» **REQUIRED WORK**: In the records below, find each line with "Numbers" and copy it.

(STUDY MATERIAL Opens)

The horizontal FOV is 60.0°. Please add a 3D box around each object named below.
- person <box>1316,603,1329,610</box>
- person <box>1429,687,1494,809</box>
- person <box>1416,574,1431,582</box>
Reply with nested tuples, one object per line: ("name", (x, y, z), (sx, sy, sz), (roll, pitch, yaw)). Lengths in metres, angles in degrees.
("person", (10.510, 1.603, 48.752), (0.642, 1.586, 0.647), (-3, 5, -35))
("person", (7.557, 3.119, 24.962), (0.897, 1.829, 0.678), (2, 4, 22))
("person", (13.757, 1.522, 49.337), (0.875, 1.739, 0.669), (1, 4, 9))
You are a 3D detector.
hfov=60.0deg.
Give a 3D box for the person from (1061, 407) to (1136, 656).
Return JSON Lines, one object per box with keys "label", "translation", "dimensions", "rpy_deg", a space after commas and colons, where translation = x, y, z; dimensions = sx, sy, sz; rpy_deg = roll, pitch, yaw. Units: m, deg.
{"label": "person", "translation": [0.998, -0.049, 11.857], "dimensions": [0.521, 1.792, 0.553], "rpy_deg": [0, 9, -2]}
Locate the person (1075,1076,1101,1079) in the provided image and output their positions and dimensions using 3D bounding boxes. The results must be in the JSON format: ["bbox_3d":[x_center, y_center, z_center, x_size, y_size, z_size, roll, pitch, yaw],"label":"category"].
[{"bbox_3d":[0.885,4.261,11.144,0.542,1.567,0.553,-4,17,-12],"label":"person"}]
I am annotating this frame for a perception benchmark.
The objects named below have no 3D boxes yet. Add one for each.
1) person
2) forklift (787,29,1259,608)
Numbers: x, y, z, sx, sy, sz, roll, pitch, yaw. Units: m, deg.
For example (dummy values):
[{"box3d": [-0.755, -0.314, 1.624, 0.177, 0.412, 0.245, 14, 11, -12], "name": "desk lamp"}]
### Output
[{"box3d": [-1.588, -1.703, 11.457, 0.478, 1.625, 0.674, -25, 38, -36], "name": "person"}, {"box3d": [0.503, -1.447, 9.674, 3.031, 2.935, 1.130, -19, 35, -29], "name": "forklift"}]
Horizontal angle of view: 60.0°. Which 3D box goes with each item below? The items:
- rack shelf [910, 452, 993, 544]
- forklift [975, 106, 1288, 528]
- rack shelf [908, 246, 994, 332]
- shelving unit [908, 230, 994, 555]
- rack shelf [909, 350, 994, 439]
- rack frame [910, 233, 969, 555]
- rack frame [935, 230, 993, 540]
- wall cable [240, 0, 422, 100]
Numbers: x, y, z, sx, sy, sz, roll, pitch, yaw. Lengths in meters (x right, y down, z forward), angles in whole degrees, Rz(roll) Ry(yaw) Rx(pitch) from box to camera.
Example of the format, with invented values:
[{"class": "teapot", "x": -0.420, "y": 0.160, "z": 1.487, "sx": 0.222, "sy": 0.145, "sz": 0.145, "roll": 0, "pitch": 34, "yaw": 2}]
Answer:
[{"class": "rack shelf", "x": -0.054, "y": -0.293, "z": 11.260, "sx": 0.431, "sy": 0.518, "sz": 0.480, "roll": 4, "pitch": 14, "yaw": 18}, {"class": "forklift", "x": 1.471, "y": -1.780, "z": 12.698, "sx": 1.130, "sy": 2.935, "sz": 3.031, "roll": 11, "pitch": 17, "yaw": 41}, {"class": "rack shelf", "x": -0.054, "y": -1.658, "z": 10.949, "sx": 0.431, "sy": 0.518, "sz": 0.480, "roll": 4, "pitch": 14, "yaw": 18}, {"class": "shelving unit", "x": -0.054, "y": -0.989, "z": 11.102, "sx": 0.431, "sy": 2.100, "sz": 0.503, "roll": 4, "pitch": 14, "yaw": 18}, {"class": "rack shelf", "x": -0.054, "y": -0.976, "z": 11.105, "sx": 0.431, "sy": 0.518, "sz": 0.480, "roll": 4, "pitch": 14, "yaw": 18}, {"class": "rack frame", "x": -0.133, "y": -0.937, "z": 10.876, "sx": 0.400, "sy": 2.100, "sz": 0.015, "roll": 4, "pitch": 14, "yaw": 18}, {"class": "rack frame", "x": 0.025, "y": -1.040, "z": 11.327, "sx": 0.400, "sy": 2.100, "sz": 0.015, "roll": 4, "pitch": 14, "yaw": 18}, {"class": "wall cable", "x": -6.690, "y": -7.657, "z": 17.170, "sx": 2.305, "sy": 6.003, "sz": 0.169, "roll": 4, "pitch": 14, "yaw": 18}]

(STUDY MATERIAL Closes)

» **OUTPUT OF THE TASK**:
Numbers: x, y, z, sx, sy, sz, roll, pitch, yaw. Units: m, deg.
Numbers: x, y, z, sx, sy, sz, roll, pitch, yaw. Lengths in meters (x right, y down, z forward), angles in whole degrees, Rz(roll) Ry(yaw) Rx(pitch) from box to camera.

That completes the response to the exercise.